A report by Prime Database, which studied auditor rotation at 984 listed companies in 2017-18, found that the share of Big 4 increased by 3 percentage points to 29 percent during the period.
Joining a global network was one of the ways to take on the dominance of the large auditing firms. Other audit firms chose different paths.
In 2002, six firms, including one incorporated in 1936, merged to create CNK & Associates LLP with nine partners. It has since grown bigger, according to its website, and now has around 450 employees and 23 partners.
The merger allowed partners to specialise, Gautam Nayak, partner at Mumbai-based CNK & Associates, said. Earlier, they had to keep up with changes in laws and regulations in different areas, he said, adding that the merger helped solve that problem by promoting division of work and specialisation. “It also helped attract and retain talent.”
Another section of firms decided to directly take on the Big 4. Mukund M Chitale & Co., incorporated in 1973, neither merged with other firms nor opted for any international association. It now employs more than 100 people, including 10 partners.

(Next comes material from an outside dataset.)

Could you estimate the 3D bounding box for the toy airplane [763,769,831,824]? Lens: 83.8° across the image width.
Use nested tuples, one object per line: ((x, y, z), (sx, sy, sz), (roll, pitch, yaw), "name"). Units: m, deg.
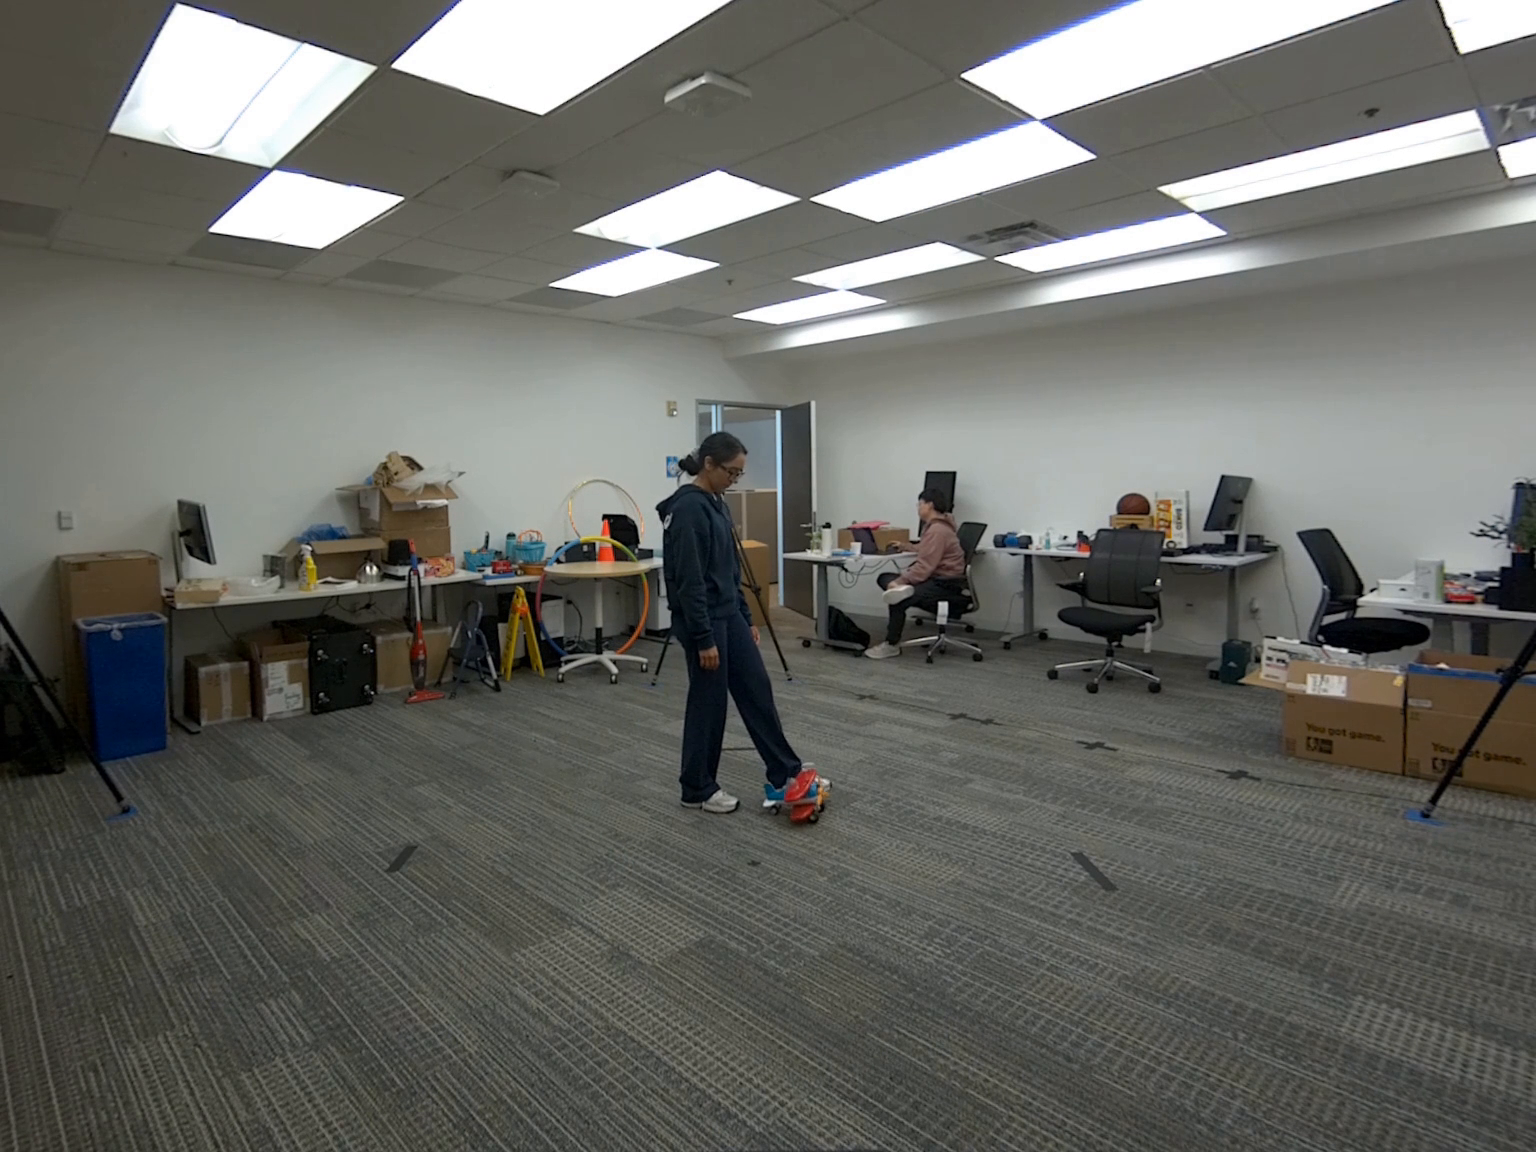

Mukund Chitale and Sushrut Chitale, the father-son duo and partners at the firm, object to pigeonholing auditors as Big 4 and others. The categorisation should actually be on quality, they said, suggesting a system of grading based on internal procedures, technology adoption, peer review and documentation. An independent framework should be created to review and grade firms, they said, adding that should be the benchmark of quality.
But for Santhanakrishnan of Shridhar and Santhanam, association with PKF has paid off. “Most of the international funds insisted on Big 4 being their auditor. There was a second layer of people who were not interested in Big 4 but wanted an international name,” he said. “We came handy only because we were recognised as an international brand.”